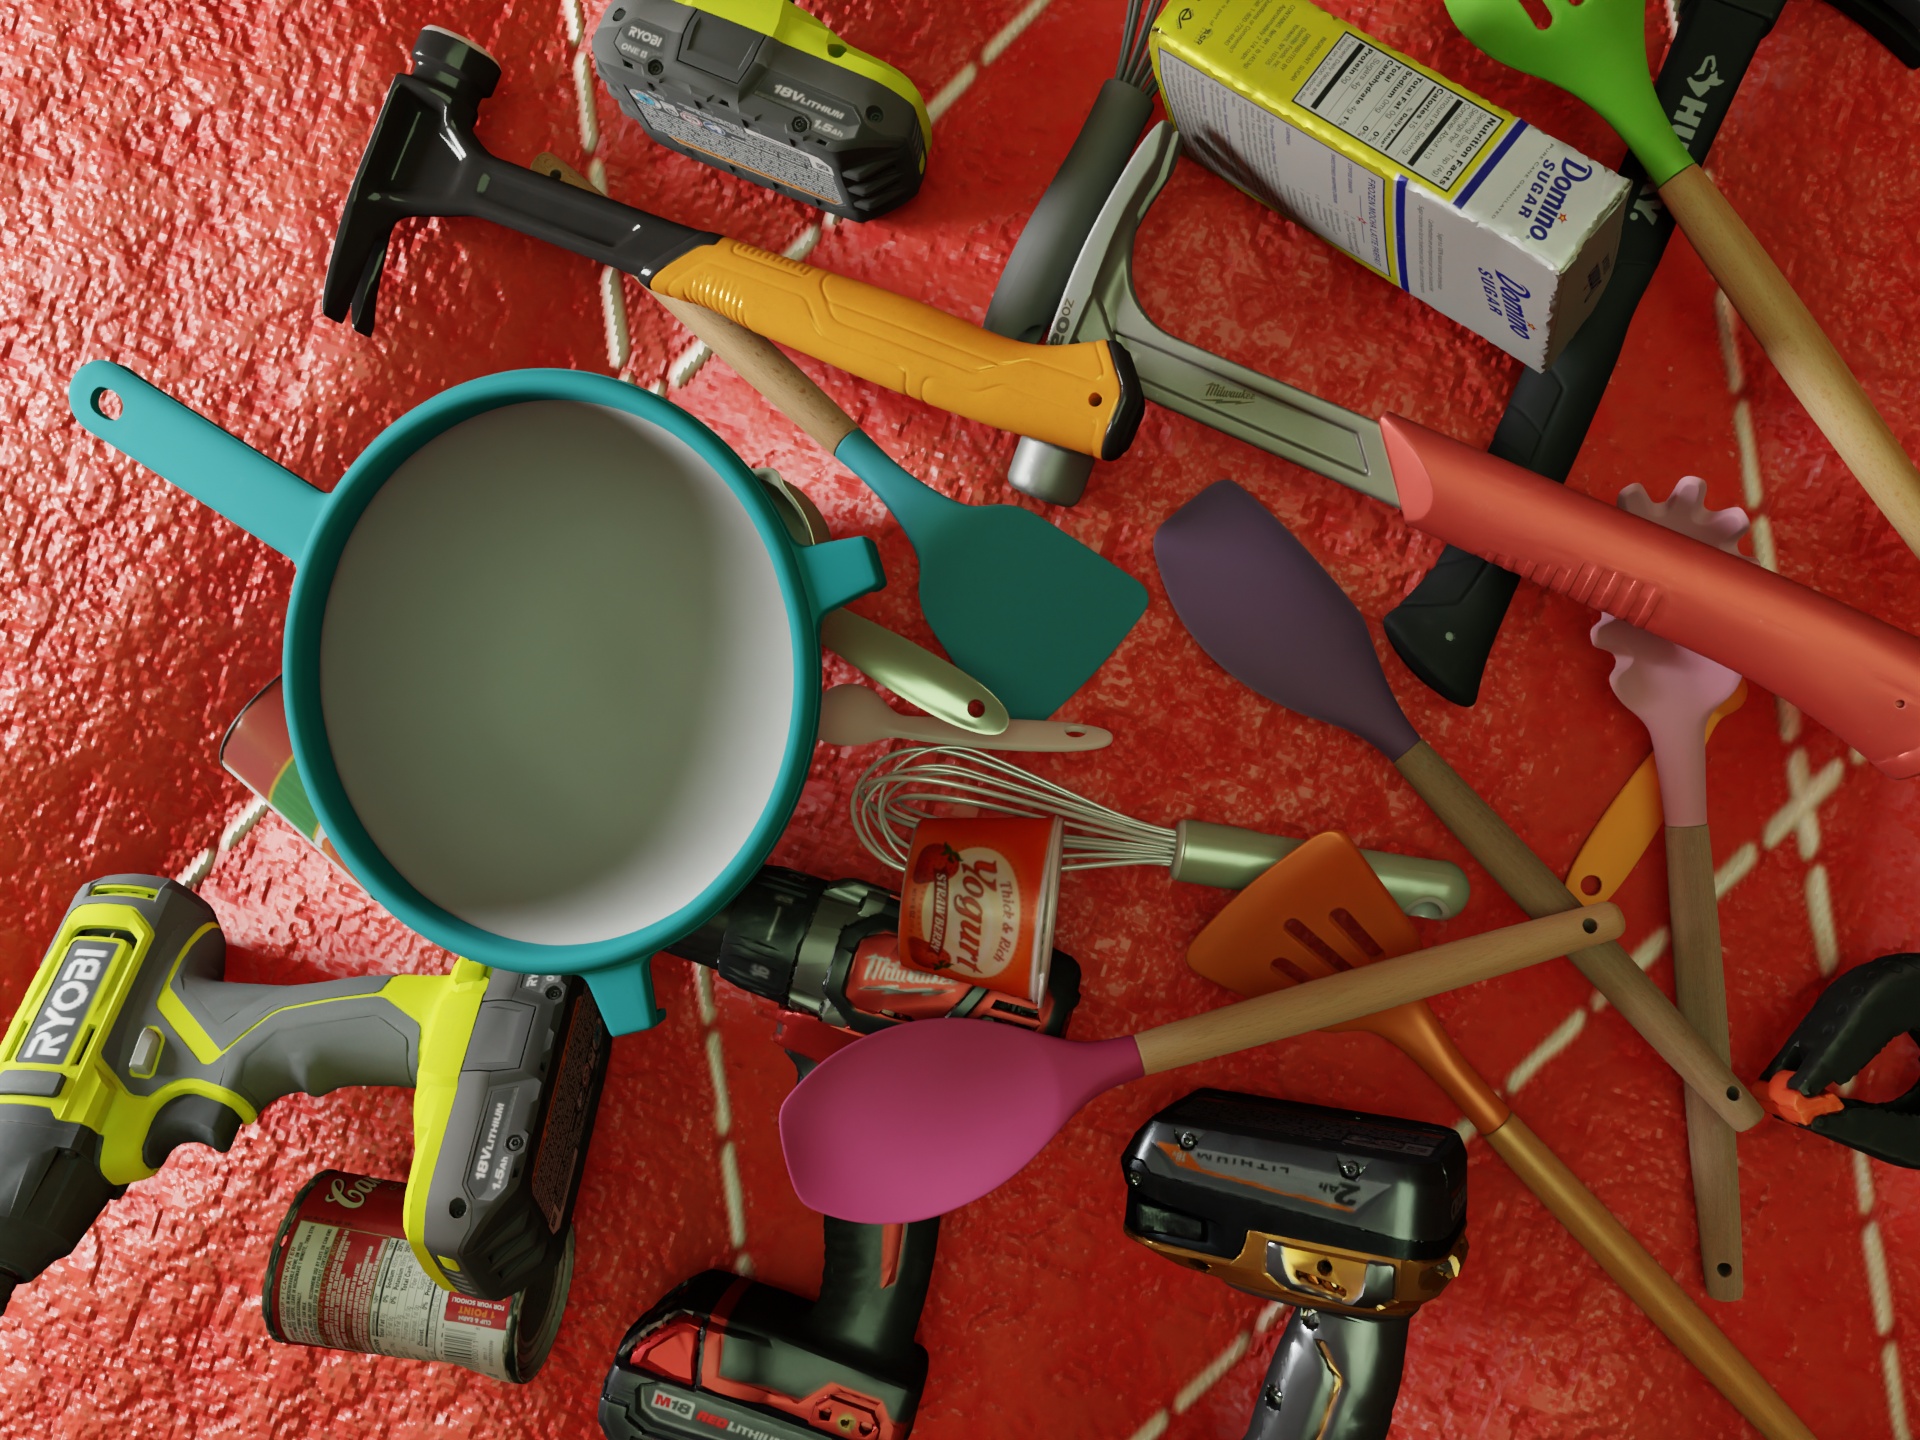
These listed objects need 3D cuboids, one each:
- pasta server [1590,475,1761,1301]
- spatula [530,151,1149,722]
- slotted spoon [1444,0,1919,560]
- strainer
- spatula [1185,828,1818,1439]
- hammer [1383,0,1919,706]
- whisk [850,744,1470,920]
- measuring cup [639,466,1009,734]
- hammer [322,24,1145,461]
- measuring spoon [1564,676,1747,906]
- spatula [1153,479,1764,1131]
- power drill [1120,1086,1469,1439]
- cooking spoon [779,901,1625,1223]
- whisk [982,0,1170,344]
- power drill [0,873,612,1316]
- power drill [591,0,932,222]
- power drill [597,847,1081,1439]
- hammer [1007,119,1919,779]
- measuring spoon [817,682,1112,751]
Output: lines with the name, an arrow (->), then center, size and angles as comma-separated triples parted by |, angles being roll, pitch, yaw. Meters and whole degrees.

= = = = =

* _Directions for this task_: Using the data above, write out every line exactly, leaving the images behind.

* _Answer area_:
These listed objects need 3D cuboids, one each:
- pasta server [1590,475,1761,1301]
- spatula [530,151,1149,722]
- slotted spoon [1444,0,1919,560]
- strainer
- spatula [1185,828,1818,1439]
- hammer [1383,0,1919,706]
- whisk [850,744,1470,920]
- measuring cup [639,466,1009,734]
- hammer [322,24,1145,461]
- measuring spoon [1564,676,1747,906]
- spatula [1153,479,1764,1131]
- power drill [1120,1086,1469,1439]
- cooking spoon [779,901,1625,1223]
- whisk [982,0,1170,344]
- power drill [0,873,612,1316]
- power drill [591,0,932,222]
- power drill [597,847,1081,1439]
- hammer [1007,119,1919,779]
- measuring spoon [817,682,1112,751]
Output: lines with the name, an arrow (->), then center, size and angles as comma-separated triples parted by |, angles being roll, pitch, yaw. Meters and whole degrees.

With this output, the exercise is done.